76-239.01. Construction finance; proceeds to apply payment of lawful claims for labor and material furnished; duty of contractor
Any person, firm or corporation lending money for the purpose of financing the construction of improvements on real property, to be secured by a mortgage filed of record, is hereby required, before the disbursement of any proceeds under such loan, to notify the borrower in writing, separate from any written application, mortgage note, or any other loan document between the lender and the borrower, that it is the responsibility of the borrower or the borrower’s contractor, if disbursements are to be made to such contractor, to apply the loan proceeds to the payment of lawful claims for labor and material furnished for such improvements and that failure of the borrower or his contractor to pay all lawful claims for labor and material could result in the filing of construction liens against the property.
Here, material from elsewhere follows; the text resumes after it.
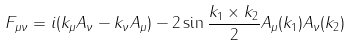Convert formula to latex. <formula><loc_0><loc_0><loc_500><loc_500>F _ { \mu \nu } = i ( k _ { \mu } A _ { \nu } - k _ { \nu } A _ { \mu } ) - 2 \sin \frac { k _ { 1 } \times k _ { 2 } } { 2 } A _ { \mu } ( k _ { 1 } ) A _ { \nu } ( k _ { 2 } )</formula> 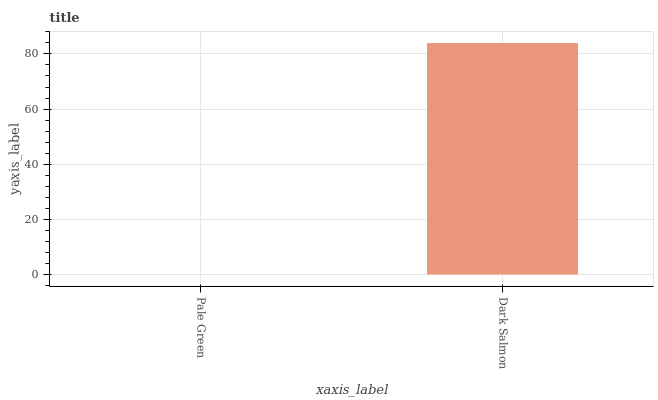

It shall be the duty of the contractor to whom any such disbursement is made to make such application of the loan proceeds.
76-239.02. Contractor receiving loan disbursement; agent of borrower; exception
Any such contractor receiving such loan disbursements and any funds of the borrower in addition to such loan disbursements shall be deemed to have consented to comply with the requirements of section 76-239.01 as to the application of such proceeds, and shall be deemed to be the agent of the borrower for so much of such proceeds as are necessary for the payment of such lawful claims for labor and material; Provided, that the foregoing provisions shall not apply where the contractor and the borrower are one and the same person. Nothing herein contained shall be construed to require the contractor to keep such proceeds in a separate account or accounts or to prorate payment of such proceeds to such lawful claims for labor and materials.